Zhao, a computational physicist at UC Santa Barbara working on electronic, optical, and topological properties of materials, was recognized for developing a first-principles computational formalism to calculate the rate of trap-assisted Auger-Meitner (TAAM) recombination. The result is a breakthrough that could eliminate efficiency barriers in LEDs and other common optoelectronic devices. Zhao earned his Ph.D. in physics from UC Berkeley in 2021.

Zhao’s research identifies a novel mechanism for defect-mediated recombination, a mystery scientists have been hypothesizing about since the 1950s.
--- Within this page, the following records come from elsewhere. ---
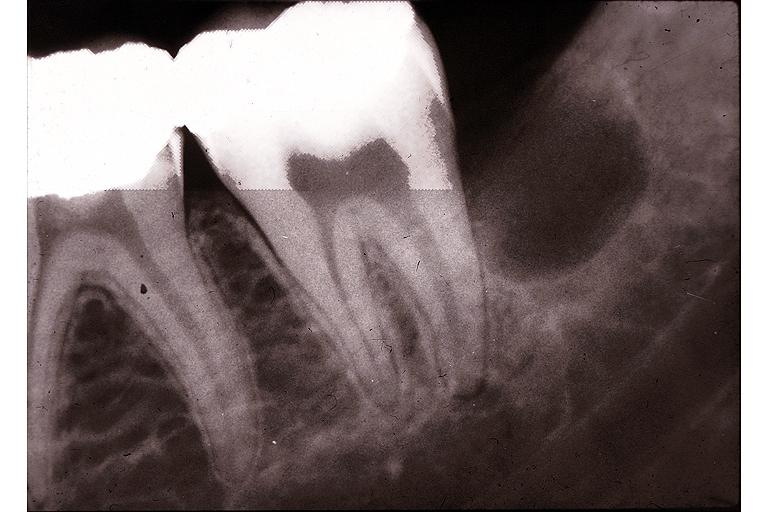s oral present?
Answer the question using a single word or phrase. Yes 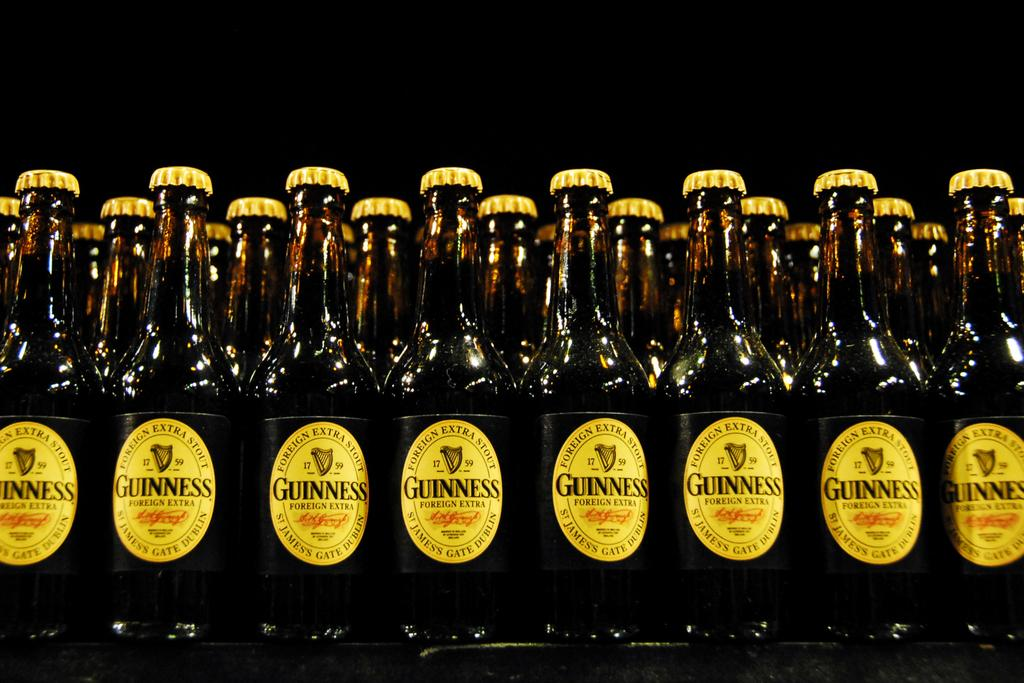<image>
Relay a brief, clear account of the picture shown. A large collection of Guinness dark stout beer on a table. 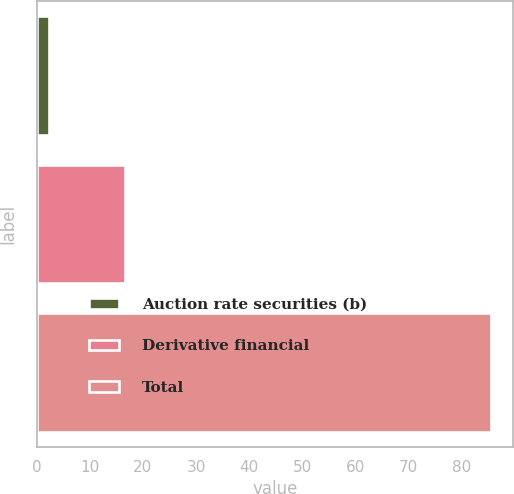Convert chart. <chart><loc_0><loc_0><loc_500><loc_500><bar_chart><fcel>Auction rate securities (b)<fcel>Derivative financial<fcel>Total<nl><fcel>2.3<fcel>16.6<fcel>85.4<nl></chart> 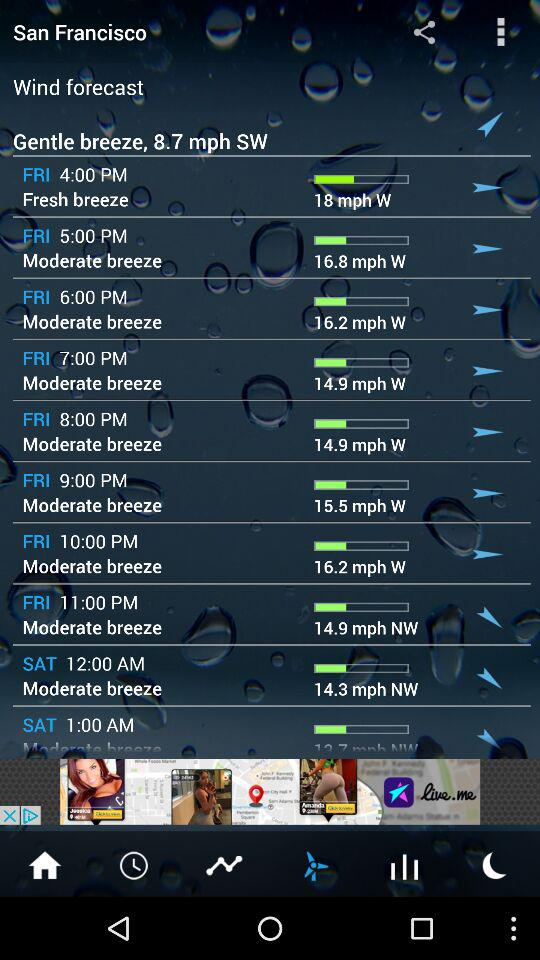What is the wind speed on Friday at 9 p.m.? The wind speed on Friday at 9 p.m. is 15.5 mph. 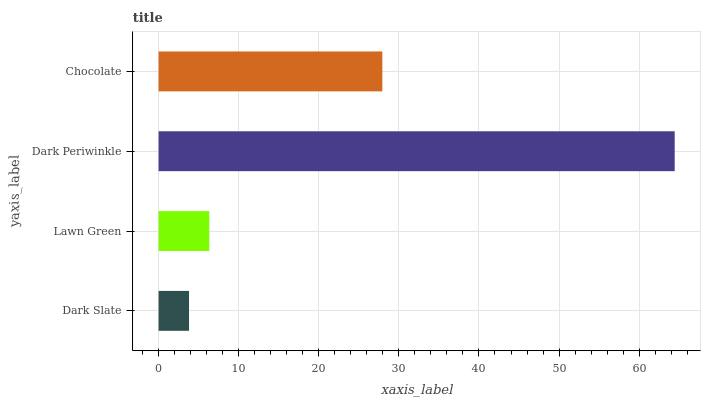Is Dark Slate the minimum?
Answer yes or no. Yes. Is Dark Periwinkle the maximum?
Answer yes or no. Yes. Is Lawn Green the minimum?
Answer yes or no. No. Is Lawn Green the maximum?
Answer yes or no. No. Is Lawn Green greater than Dark Slate?
Answer yes or no. Yes. Is Dark Slate less than Lawn Green?
Answer yes or no. Yes. Is Dark Slate greater than Lawn Green?
Answer yes or no. No. Is Lawn Green less than Dark Slate?
Answer yes or no. No. Is Chocolate the high median?
Answer yes or no. Yes. Is Lawn Green the low median?
Answer yes or no. Yes. Is Dark Periwinkle the high median?
Answer yes or no. No. Is Dark Slate the low median?
Answer yes or no. No. 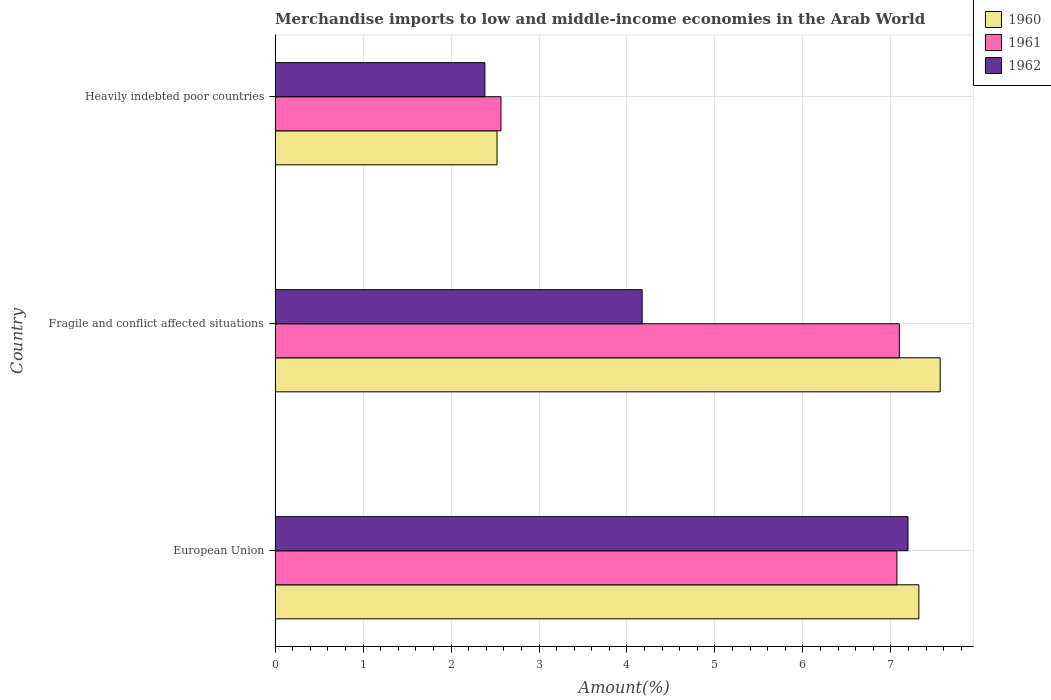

“His latest work, which was made possible with the resources at NERSC, is a major breakthrough in the field of optoelectronic devices of wide-bandgap materials,” said UC Berkeley physics professor Steven G. Louie in a letter of support. “The work represents a major breakthrough for the field, providing a microscopic understanding of a physical phenomenon that has long eluded explanation, as well as a general methodology and computer code to compute its quantitative behavior from first principles. Both are essential for further advances in the design of new devices with high efficiency.”

Bikash Kanungo

Bikash Kanungo

Kanungo is an assistant research scientist at the University of Michigan; he was recognized for developing a data-driven approach to improved exchange-correlation functionals in density functional theory (DFT), a method commonly used in chemical sciences, materials sciences, and other fields, via an accurate solution to the inverse DFT problem. His work was integral to research that has also been nominated for the 2023 ACM Gordon Bell Prize. Kanungo earned his Ph.D. in Mechanical Engineering from the University of Michigan in 2019.

According to colleagues, Kanungo’s work used NERSC resources to develop a computational framework that moves researchers closer to a more accurate exchange-correlation functional, a question for nearly three decades.

“The problem that Kanungo has addressed is focused on discovering the form of the exchange correlation functional, which is a central piece of DFT – itself the workhorse framework for fundamental understanding and prediction in computational materials physics,” said Krishna Garikipatri, professor and director of the Michigan Institute for Computation Discovery & Engineering.

Kyle Bushick

Kyle Bushick

Bushick, a P.h.D student at the University of Michigan pursuing a degree in Materials Science and Engineering and Scientific Computing, was recognized for developing a novel computational methodology to calculate the Auger-Meitner recombination rates in silicon using predictive atomistic calculations, including the ability to robustly include interactions between electrons and atomic vibrations. Bushick is currently a DOE Computational Science Graduate Fellow.

Bushick’s work focuses on developing and employing first-principles calculations to study quantum processes in semiconductor materials with the aim of improving our understanding of the microscopic mechanisms that govern material properties.

“A-M recombination is the most important intrinsic recombination mechanism in silicon and it’s actually surprising that Kyle’s work is the first to simulate the phonon contributions with modern high performance computing power,” said David L. Young, Group manager of the High Efficiency Crystalline Photovoltaics Group at the National Renewable Energy Lab. “World-record silicon solar cells are currently limited by A-M recombination, so having a first-principles understanding of the mechanism may allow material scientists and device engineers to design around the limitation.”